Steps of Construction:
- Draw any triangle PQR (since no specific dimensions are given).
- Draw a ray QX starting from Q and making an acute angle with the side QR, on the side opposite to vertex P.
- On the ray QX, mark 7 (the greater of 7 and 4) equally spaced points. Label them \(Q_1, Q_2, Q_3, Q_4, Q_5, Q_6, Q_7\).
- Join \(Q_4\) (the point corresponding to the denominator of the scale factor) to the vertex R.
- Now, draw a line through \(Q_7\) (the point corresponding to the numerator) that is parallel to the line \(Q_4R\). This new line will intersect the extended side QR at a new point, R'. (To draw the parallel line, you can copy the angle at \(Q_4\) to \(Q_7\)).

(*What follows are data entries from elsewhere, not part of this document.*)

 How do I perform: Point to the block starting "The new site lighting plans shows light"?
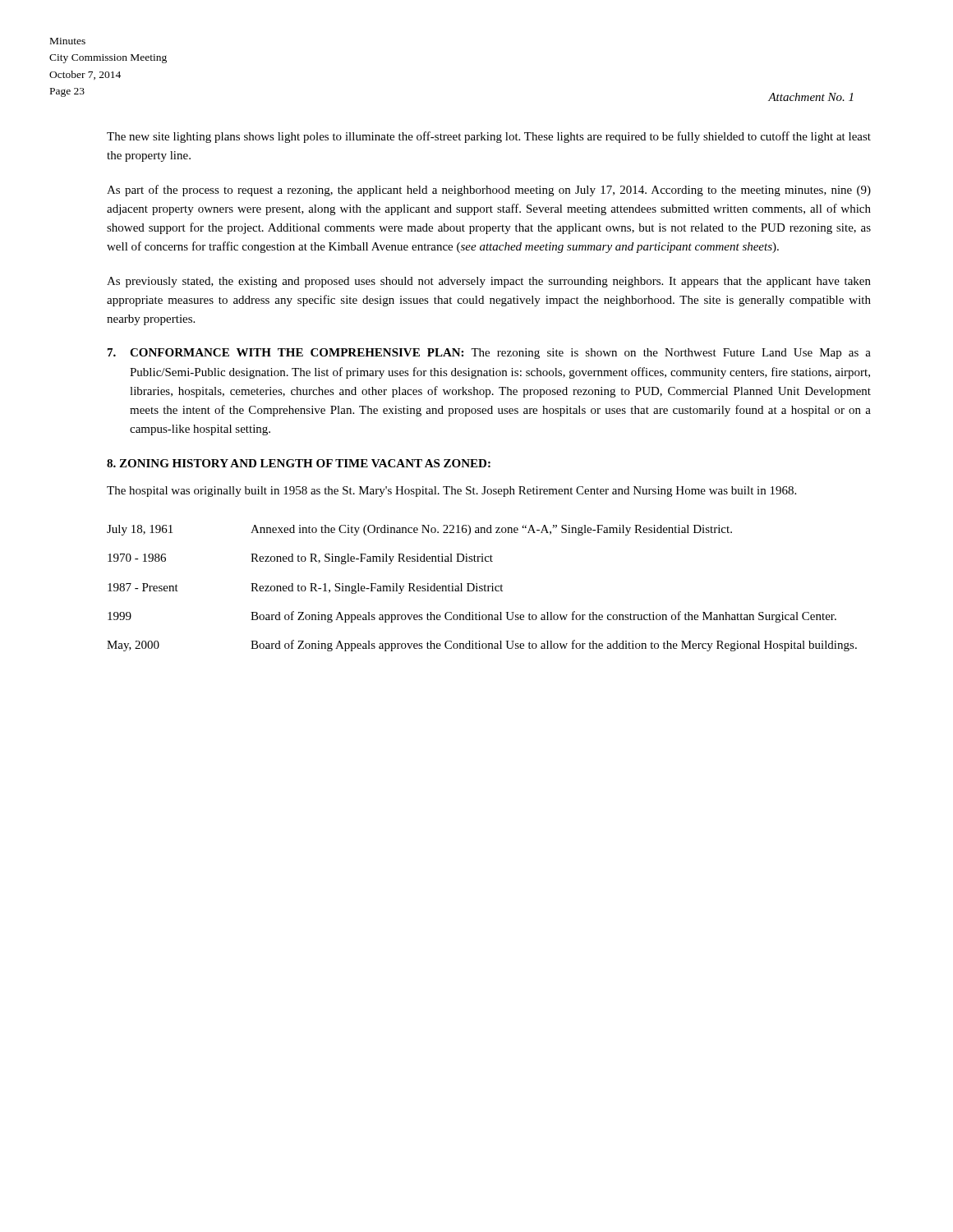tap(489, 146)
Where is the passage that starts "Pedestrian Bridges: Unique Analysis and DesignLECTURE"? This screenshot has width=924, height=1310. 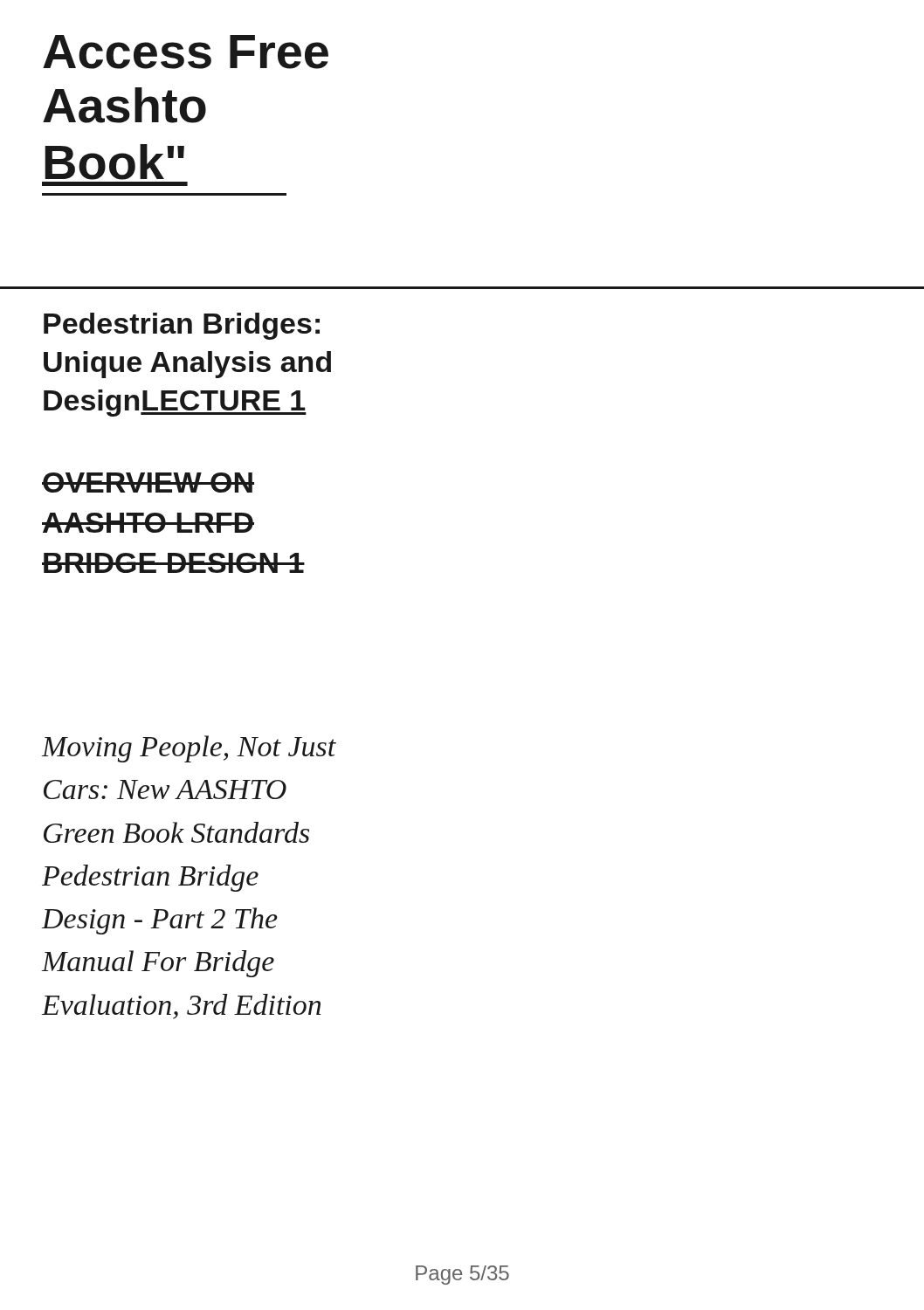click(x=187, y=362)
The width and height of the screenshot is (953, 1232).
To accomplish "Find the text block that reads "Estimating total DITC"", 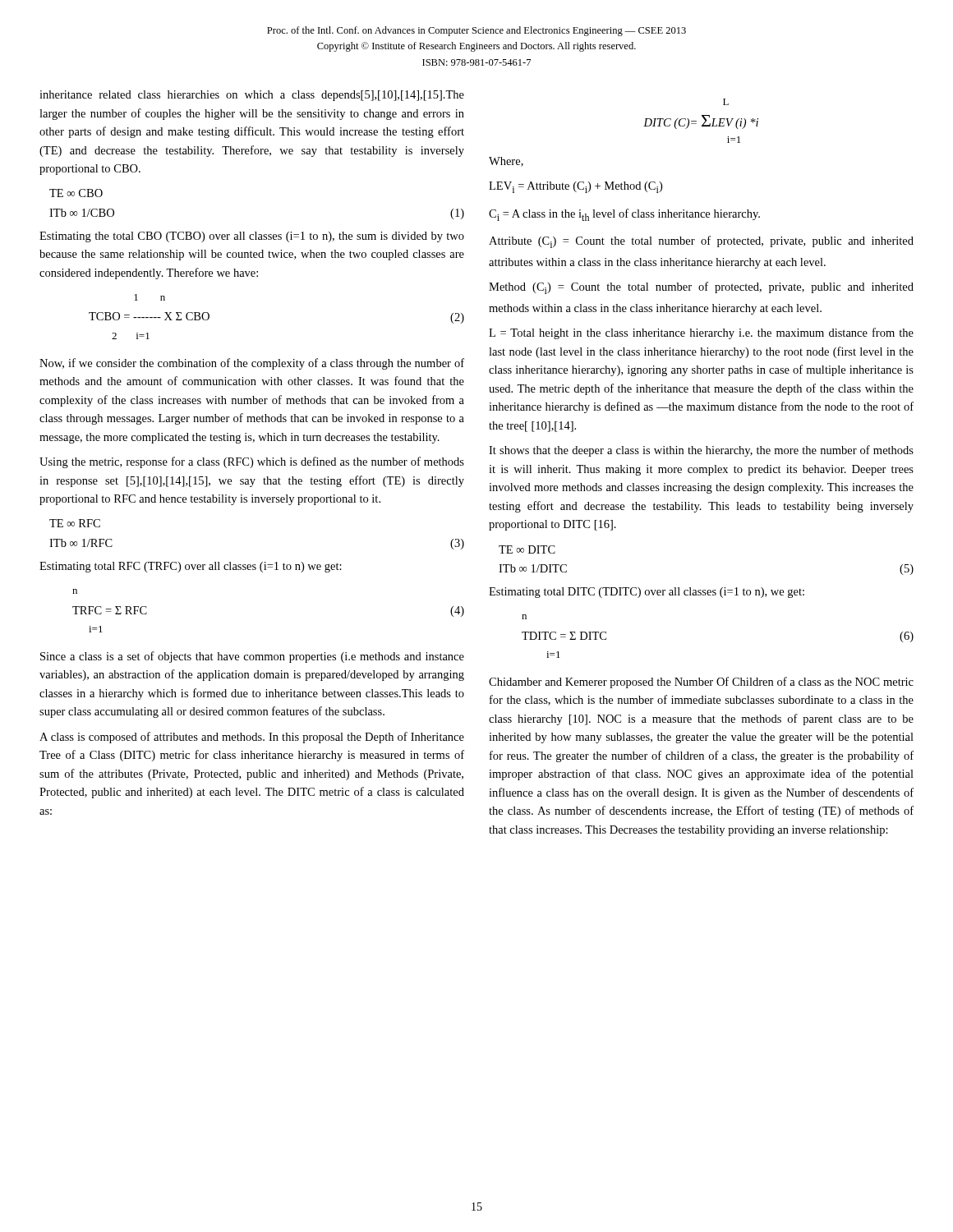I will coord(701,591).
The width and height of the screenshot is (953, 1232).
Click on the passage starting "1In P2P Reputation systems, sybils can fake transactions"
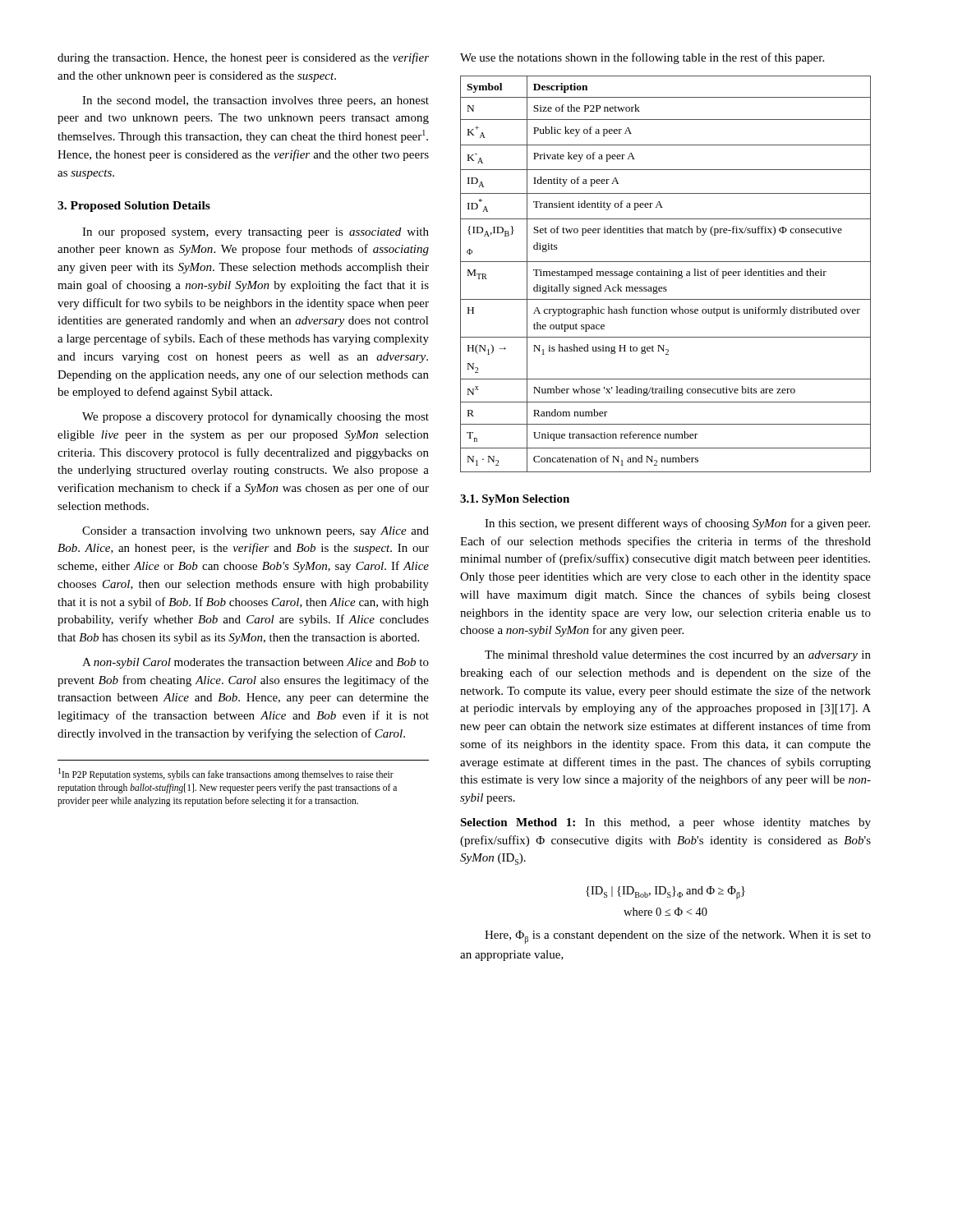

- Next, draw a line through the new point R' that is parallel to the side PR. This line will intersect the extended side QP at a new point, P'.
- The triangle \(\triangle P'QR'\) is the required triangle, similar to \(\triangle PQR\), with sides that are \(\frac{7}{4}\) times the corresponding sides of \(\triangle PQR\).
Construct a triangle similar to a given triangle LMN with its sides equal to \(\frac{4}{5}\) of the corresponding sides of the triangle LMN. (scale factor \(\frac{4}{5} < 1\))
Since the scale factor is \(\frac{4}{5}\), which is less than 1, the new triangle (L'MN') will be smaller than the original triangle (LMN).
Steps of Construction:
- Draw any triangle LMN.
- Draw a ray MX starting from M and making an acute angle with the side MN, on the side opposite to vertex L.
- On the ray MX, mark 5 (the greater of 4 and 5) equally spaced points. Label them \(M_1, M_2, M_3, M_4, M_5\).
- Join \(M_5\) (the point corresponding to the denominator of the scale factor) to the vertex N.
- Now, draw a line through \(M_4\) (the point corresponding to the numerator) that is parallel to the line \(M_5N\). This new line will intersect the side MN at a new point, N'.
- Next, draw a line through the new point N' that is parallel to the side LN. This line will intersect the side LM at a new point, L'.
- The triangle \(\triangle L'MN'\) is the required triangle, similar to \(\triangle LMN\), with sides that are \(\frac{4}{5}\) times the corresponding sides of \(\triangle LMN\).